◆ Work to complete ◆
Among the entries below, find every line that has "outline" and pull it out.

** Opening Data for this task block **

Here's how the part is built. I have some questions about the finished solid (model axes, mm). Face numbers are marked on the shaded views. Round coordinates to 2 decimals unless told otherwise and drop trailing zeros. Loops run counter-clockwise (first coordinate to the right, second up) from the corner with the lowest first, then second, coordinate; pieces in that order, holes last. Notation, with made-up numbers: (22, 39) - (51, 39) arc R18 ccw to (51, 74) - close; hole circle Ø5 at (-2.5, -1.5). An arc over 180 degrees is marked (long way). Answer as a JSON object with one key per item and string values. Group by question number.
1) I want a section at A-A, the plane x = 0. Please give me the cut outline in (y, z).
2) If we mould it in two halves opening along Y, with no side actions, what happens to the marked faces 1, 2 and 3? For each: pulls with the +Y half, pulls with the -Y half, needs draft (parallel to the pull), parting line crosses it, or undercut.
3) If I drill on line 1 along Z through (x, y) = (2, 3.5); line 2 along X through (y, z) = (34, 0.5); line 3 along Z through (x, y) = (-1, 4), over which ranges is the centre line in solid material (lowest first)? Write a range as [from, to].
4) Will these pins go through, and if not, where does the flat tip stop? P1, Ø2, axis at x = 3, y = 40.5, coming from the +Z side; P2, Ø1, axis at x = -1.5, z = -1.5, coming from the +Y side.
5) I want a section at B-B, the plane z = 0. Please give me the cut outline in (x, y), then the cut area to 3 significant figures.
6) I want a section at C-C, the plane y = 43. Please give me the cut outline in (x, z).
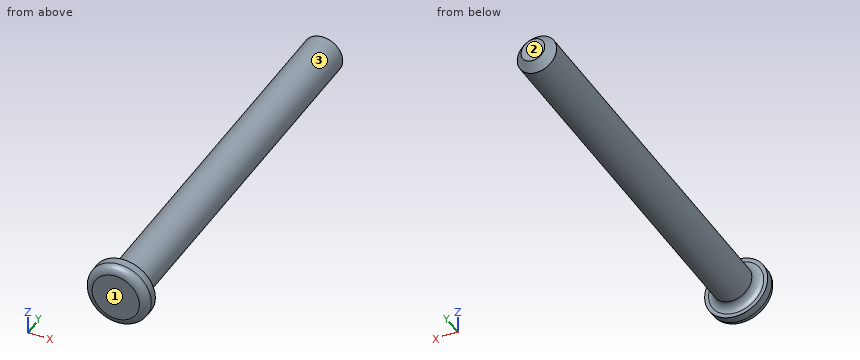
from build123d import *

# Parameters (mm, degrees)
SKETCH1_R           = 4
BOSS_EXTRUDE1_DEPTH = 2
SKETCH2_R           = 2.5
BOSS_EXTRUDE2_DEPTH = 50
FILLET1_R           = 1
CHAMFER1_SIZE       = 1
FILLET2_R           = 1


with BuildPart() as part:
    # Sketch1 → Boss-Extrude1 (new body)
    with BuildSketch(Plane(origin=(0, 0, 0), x_dir=(1, 0, 0), z_dir=(0, 1, 0))):
        with Locations(Location((0, 0, 0), (0, 0, 270))):
            Circle(SKETCH1_R)
    extrude(amount=BOSS_EXTRUDE1_DEPTH)

    # Sketch2 → Boss-Extrude2 (add)
    with BuildSketch(Plane(origin=(0, 2, 0), x_dir=(1, 0, 0), z_dir=(0, 1, 0))):
        with Locations(Location((0, 0, 0), (0, 0, 270))):
            Circle(SKETCH2_R)
    extrude(amount=BOSS_EXTRUDE2_DEPTH)

    # Fillet1
    fillet1_edges = [part.edges().sort_by_distance(p)[0] for p in [
        (0, 2, -2.5),
    ]]
    fillet(fillet1_edges, radius=FILLET1_R)

    # Chamfer1
    chamfer1_edges = [part.edges().sort_by_distance(p)[0] for p in [
        (0, 52, -2.5),
    ]]
    chamfer(chamfer1_edges, length=CHAMFER1_SIZE)

    # Fillet2
    fillet2_edges = [part.edges().sort_by_distance(p)[0] for p in [
        (0, 0, -4),
    ]]
    fillet(fillet2_edges, radius=FILLET2_R)


solid = part.part
Outcome:
{
 "1": {"outline": "(0, -3) arc R1 ccw to (1, -4) - (2, -4) - (2, -3.5) arc R1 cw to (3, -2.5) - (51, -2.5) - (52, -1.5) - (52, 1.5) - (51, 2.5) - (3, 2.5) arc R1 cw to (2, 3.5) - (2, 4) - (1, 4) arc R1 ccw to (0, 3) - close"},
 "2": {"face 1": "pulls with the -Y half", "face 2": "pulls with the +Y half", "face 3": "needs draft"},
 "3": {"line 1": "[-1.5, 1.5]", "line 2": "[-2.45, 2.45]", "line 3": "[-2.29, 2.29]"},
 "4": {"P1": "z = 1.5", "P2": "y = 51.88"},
 "5": {"outline": "(-4, 1) arc R1 ccw to (-3, 0) - (3, 0) arc R1 ccw to (4, 1) - (4, 2) - (3.5, 2) arc R1 cw to (2.5, 3) - (2.5, 51) - (1.5, 52) - (-1.5, 52) - (-2.5, 51) - (-2.5, 3) arc R1 cw to (-3.5, 2) - (-4, 2) - close", "area": "265 mm^2"},
 "6": {"outline": "circle Ø5 at (0, 0)"}
}
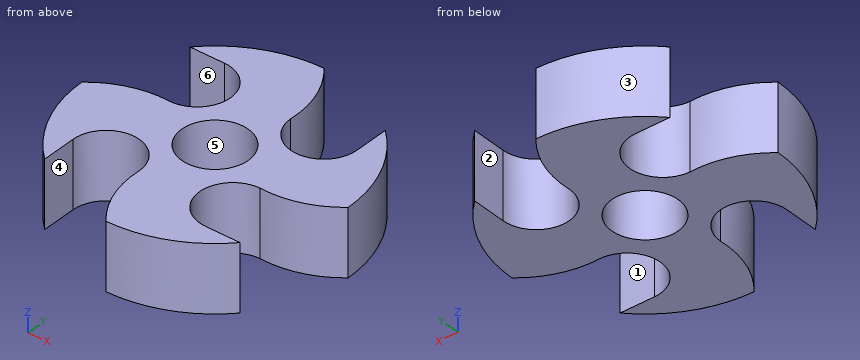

** Closing Data for this task block **

◆ Result for this exercise ◆
1) I want a section at A-A, the plane x = 0. Please give me the cut outline in (y, z).
5) I want a section at B-B, the plane z = 0. Please give me the cut outline in (x, y), then the cut area to 3 significant figures.
6) I want a section at C-C, the plane y = 43. Please give me the cut outline in (x, z).
 "1": {"outline": "(0, -3) arc R1 ccw to (1, -4) - (2, -4) - (2, -3.5) arc R1 cw to (3, -2.5) - (51, -2.5) - (52, -1.5) - (52, 1.5) - (51, 2.5) - (3, 2.5) arc R1 cw to (2, 3.5) - (2, 4) - (1, 4) arc R1 ccw to (0, 3) - close"},
 "5": {"outline": "(-4, 1) arc R1 ccw to (-3, 0) - (3, 0) arc R1 ccw to (4, 1) - (4, 2) - (3.5, 2) arc R1 cw to (2.5, 3) - (2.5, 51) - (1.5, 52) - (-1.5, 52) - (-2.5, 51) - (-2.5, 3) arc R1 cw to (-3.5, 2) - (-4, 2) - close", "area": "265 mm^2"},
 "6": {"outline": "circle Ø5 at (0, 0)"}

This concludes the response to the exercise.